For more details about the meaning of arguments see the PEM FUNCTION ARGUMENTS section.
Each operation has four functions associated with it. For clarity the term " foobar functions" will be used to collectively refer to the PEM_read_bio_foobar(), PEM_read_foobar(), PEM_write_bio_foobar() and PEM_write_foobar() functions.
The PrivateKey functions read or write a private key in PEM format using an EVP_PKEY structure. The write routines use "traditional" private key format and can handle both RSA and DSA private keys. The read functions can additionally transparently handle PKCS#8 format encrypted and unencrypted keys too.
PEM_write_bio_PKCS8PrivateKey() and PEM_write_PKCS8PrivateKey() write a private key in an EVP_PKEY structure in PKCS#8 EncryptedPrivateKeyInfo format using PKCS#5 v2.0 password based encryption algorithms. The cipher argument specifies the encryption algoritm to use: unlike all other PEM routines the encryption is applied at the PKCS#8 level and not in the PEM headers. If cipher is NULL then no encryption is used and a PKCS#8 PrivateKeyInfo structure is used instead.
PEM_write_bio_PKCS8PrivateKey_nid() and PEM_write_PKCS8PrivateKey_nid() also write out a private key as a PKCS#8 EncryptedPrivateKeyInfo however it uses PKCS#5 v1.5 or PKCS#12 encryption algorithms instead. The algorithm to use is specified in the nid parameter and should be the NID of the corresponding OBJECT IDENTIFIER (see NOTES section).
The PUBKEY functions process a public key using an EVP_PKEY structure. The public key is encoded as a SubjectPublicKeyInfo structure.
The RSAPrivateKey functions process an RSA private key using an RSA structure. It handles the same formats as the PrivateKey functions but an error occurs if the private key is not RSA.
The RSAPublicKey functions process an RSA public key using an RSA structure. The public key is encoded using a PKCS#1 RSAPublicKey structure.
The RSA_PUBKEY functions also process an RSA public key using an RSA structure. However the public key is encoded using a SubjectPublicKeyInfo structure and an error occurs if the public key is not RSA.
The DSAPrivateKey functions process a DSA private key using a DSA structure. It handles the same formats as the PrivateKey functions but an error occurs if the private key is not DSA.

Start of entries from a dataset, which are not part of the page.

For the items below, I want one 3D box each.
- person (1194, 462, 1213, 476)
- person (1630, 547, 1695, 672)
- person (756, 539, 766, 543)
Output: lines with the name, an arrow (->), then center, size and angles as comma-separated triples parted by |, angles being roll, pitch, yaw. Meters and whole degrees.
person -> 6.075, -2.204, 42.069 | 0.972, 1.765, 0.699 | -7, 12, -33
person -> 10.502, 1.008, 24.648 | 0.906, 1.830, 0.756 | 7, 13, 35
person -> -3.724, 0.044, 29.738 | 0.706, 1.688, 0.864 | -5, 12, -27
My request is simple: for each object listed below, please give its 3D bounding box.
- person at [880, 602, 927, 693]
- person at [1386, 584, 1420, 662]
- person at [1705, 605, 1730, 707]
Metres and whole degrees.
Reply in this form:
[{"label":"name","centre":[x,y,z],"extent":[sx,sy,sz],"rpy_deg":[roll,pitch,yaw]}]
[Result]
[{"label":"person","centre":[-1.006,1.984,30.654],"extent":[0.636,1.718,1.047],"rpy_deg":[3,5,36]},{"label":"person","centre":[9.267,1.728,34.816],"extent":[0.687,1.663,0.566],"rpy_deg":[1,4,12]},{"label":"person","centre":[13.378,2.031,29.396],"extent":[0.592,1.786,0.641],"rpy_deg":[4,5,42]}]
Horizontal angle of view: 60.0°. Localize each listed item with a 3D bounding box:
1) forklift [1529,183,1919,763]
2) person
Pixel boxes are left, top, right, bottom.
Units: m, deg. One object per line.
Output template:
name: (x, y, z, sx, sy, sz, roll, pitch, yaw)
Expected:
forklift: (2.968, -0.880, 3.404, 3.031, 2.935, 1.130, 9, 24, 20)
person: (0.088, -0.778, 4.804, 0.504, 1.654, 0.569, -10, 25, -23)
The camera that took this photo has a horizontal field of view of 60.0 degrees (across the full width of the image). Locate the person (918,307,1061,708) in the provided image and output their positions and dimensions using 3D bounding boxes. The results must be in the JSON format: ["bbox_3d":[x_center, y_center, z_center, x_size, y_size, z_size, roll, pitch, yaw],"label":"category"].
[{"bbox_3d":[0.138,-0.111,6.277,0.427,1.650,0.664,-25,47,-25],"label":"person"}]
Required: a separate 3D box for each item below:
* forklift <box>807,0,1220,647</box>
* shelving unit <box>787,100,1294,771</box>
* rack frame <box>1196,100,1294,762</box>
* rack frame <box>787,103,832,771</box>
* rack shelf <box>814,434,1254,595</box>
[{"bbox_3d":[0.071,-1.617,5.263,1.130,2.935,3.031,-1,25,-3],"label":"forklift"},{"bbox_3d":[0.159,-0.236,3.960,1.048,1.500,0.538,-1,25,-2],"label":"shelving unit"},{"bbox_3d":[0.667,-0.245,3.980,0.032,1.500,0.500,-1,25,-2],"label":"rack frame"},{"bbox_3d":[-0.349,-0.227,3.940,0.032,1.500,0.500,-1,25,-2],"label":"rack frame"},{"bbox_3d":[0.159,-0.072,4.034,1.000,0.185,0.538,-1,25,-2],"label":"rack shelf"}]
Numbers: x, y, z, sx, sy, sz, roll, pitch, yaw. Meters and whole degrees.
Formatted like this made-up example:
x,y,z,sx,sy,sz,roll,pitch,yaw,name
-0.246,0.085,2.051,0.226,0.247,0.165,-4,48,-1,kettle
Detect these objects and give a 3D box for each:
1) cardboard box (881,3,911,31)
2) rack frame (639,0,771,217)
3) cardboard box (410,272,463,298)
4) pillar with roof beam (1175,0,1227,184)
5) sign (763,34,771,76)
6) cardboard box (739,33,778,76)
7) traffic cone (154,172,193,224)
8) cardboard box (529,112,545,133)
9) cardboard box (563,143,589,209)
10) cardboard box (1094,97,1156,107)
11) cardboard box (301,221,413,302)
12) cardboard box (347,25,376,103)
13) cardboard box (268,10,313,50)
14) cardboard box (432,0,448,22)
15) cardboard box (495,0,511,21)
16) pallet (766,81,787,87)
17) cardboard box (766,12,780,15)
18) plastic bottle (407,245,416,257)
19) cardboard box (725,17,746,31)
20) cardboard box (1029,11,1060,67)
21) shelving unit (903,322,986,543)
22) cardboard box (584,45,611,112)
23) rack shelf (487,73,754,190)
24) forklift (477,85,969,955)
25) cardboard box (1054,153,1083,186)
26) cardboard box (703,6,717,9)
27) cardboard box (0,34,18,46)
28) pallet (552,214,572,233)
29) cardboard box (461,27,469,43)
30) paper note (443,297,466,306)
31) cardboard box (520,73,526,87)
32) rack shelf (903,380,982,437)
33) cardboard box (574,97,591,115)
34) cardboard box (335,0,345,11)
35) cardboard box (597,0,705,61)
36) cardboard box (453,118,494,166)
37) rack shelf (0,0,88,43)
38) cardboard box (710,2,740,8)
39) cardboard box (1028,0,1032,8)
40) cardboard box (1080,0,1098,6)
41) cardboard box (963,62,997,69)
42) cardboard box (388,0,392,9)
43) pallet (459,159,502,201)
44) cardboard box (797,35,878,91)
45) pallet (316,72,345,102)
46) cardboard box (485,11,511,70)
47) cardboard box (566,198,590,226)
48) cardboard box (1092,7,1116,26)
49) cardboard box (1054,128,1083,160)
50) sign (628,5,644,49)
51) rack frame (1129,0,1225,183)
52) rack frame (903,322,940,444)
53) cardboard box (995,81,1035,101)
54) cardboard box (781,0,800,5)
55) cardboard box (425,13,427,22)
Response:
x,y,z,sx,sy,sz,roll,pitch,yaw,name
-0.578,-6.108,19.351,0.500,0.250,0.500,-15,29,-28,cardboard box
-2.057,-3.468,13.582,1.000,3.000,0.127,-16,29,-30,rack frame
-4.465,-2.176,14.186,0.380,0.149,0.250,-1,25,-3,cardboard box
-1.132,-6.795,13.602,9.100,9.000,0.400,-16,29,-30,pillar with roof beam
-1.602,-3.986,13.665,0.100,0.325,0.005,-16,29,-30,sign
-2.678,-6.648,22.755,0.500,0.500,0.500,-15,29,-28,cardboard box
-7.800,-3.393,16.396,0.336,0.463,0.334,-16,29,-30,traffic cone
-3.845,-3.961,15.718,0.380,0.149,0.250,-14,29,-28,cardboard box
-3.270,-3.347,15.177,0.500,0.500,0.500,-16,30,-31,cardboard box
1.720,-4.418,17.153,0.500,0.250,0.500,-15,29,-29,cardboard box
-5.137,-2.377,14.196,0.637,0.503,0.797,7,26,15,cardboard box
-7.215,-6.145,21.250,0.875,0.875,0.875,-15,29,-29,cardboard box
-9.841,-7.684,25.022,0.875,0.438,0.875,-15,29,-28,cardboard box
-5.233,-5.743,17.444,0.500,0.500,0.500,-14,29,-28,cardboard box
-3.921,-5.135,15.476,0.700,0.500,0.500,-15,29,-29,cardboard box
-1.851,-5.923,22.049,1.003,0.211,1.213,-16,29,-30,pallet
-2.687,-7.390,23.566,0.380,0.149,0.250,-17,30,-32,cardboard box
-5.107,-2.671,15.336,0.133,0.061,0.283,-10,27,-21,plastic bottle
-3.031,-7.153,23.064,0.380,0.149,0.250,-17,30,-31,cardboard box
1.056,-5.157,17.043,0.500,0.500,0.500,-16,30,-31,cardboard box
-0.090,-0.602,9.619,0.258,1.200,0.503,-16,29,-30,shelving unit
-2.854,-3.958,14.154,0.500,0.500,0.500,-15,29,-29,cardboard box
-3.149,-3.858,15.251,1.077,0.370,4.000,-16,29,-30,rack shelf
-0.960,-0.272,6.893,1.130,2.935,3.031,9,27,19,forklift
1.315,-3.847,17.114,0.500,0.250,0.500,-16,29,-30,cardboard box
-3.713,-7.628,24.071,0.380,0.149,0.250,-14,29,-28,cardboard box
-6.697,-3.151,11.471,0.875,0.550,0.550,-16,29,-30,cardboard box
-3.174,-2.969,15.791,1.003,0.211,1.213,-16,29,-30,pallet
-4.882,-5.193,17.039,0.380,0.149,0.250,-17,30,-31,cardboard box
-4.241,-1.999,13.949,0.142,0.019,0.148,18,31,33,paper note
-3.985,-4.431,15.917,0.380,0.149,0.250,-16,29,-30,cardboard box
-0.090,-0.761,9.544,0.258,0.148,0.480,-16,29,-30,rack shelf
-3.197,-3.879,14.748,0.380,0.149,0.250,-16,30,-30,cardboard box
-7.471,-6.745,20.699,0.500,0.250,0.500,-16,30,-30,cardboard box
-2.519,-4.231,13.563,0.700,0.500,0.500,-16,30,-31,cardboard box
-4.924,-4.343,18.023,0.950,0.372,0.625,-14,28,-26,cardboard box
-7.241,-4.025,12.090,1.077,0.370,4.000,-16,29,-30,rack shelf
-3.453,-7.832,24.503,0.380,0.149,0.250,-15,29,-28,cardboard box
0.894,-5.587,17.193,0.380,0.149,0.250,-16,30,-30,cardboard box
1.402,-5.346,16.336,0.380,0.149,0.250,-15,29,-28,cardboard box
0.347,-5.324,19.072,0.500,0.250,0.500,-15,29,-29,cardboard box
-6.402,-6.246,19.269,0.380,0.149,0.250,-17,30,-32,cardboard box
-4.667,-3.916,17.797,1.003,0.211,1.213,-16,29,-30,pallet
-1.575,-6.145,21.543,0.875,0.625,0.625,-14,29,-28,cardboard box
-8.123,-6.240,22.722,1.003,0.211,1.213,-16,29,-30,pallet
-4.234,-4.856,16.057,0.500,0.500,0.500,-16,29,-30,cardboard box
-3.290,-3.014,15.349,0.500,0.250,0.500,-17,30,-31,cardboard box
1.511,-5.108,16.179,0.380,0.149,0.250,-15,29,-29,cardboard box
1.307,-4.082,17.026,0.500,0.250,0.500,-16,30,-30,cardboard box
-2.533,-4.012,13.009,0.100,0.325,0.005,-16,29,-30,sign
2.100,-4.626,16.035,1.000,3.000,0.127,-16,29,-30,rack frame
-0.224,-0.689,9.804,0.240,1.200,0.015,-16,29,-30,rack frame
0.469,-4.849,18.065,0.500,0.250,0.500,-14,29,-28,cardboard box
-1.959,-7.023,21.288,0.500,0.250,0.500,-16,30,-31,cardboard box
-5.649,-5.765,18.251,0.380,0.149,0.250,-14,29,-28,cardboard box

The DSA_PUBKEY functions process a DSA public key using a DSA structure. The public key is encoded using a SubjectPublicKeyInfo structure and an error occurs if the public key is not DSA.
The DSAparams functions process DSA parameters using a DSA structure. The parameters are encoded using a foobar structure.
The DHparams functions process DH parameters using a DH structure. The parameters are encoded using a PKCS#3 DHparameter structure.
The X509 functions process an X509 certificate using an X509 structure. They will also process a trusted X509 certificate but any trust settings are discarded.
The X509_AUX functions process a trusted X509 certificate using an X509 structure.
The X509_REQ and X509_REQ_NEW functions process a PKCS#10 certificate request using an X509_REQ structure. The X509_REQ write functions use CERTIFICATE REQUEST in the header whereas the X509_REQ_NEW functions use NEW CERTIFICATE REQUEST (as required by some CAs). The X509_REQ read functions will handle either form so there are no X509_REQ_NEW read functions.
The X509_CRL functions process an X509 CRL using an X509_CRL structure.
The PKCS7 functions process a PKCS#7 ContentInfo using a PKCS7 structure.
The NETSCAPE_CERT_SEQUENCE functions process a Netscape Certificate Sequence using a NETSCAPE_CERT_SEQUENCE structure.
EXAMPLES
Although the PEM routines take several arguments in almost all applications most of them are set to 0 or NULL.
Read a certificate in PEM format from a BIO:
X509 *x;
x = PEM_read_bio_X509(bp, NULL, 0, NULL);
if (x == NULL)
{
/* Error */
}
Alternative method:
X509 *x = NULL;
if (!PEM_read_bio_X509(bp, &x, 0, NULL))
{
/* Error */
}
Write a certificate to a BIO:
if (!PEM_write_bio_X509(bp, x))
{
/* Error */
}
Write an unencrypted private key to a FILE pointer:
if (!PEM_write_PrivateKey(fp, key, NULL, NULL, 0, 0, NULL))
{
/* Error */
}
Write a private key (using traditional format) to a BIO using triple DES encryption, the pass phrase is prompted for:
if (!PEM_write_bio_PrivateKey(bp, key, EVP_des_ede3_cbc(), NULL, 0, 0, NULL))
{
/* Error */
}
Write a private key (using PKCS#8 format) to a BIO using triple DES encryption, using the pass phrase "hello":
if (!PEM_write_bio_PKCS8PrivateKey(bp, key, EVP_des_ede3_cbc(), NULL, 0, 0, "hello"))
{
/* Error */
}
Read a private key from a BIO using the pass phrase "hello":
key = PEM_read_bio_PrivateKey(bp, NULL, 0, "hello");
if (key == NULL)
{
/* Error */
}
Read a private key from a BIO using a pass phrase callback:
key = PEM_read_bio_PrivateKey(bp, NULL, pass_cb, "My Private Key");
if (key == NULL)
{
/* Error */
}
Skeleton pass phrase callback:
int pass_cb(char *buf, int size, int rwflag, void *u);
{
int len;
char *tmp;
/* We'd probably do something else if 'rwflag' is 1 */
printf("Enter pass phrase for \"%s\"\n", u);
/* get pass phrase, length 'len' into 'tmp' */
tmp = "hello";
len = strlen(tmp);
if (len <= 0) return 0;
/* if too long, truncate */
if (len > size) len = size;
memcpy(buf, tmp, len);
return len;
}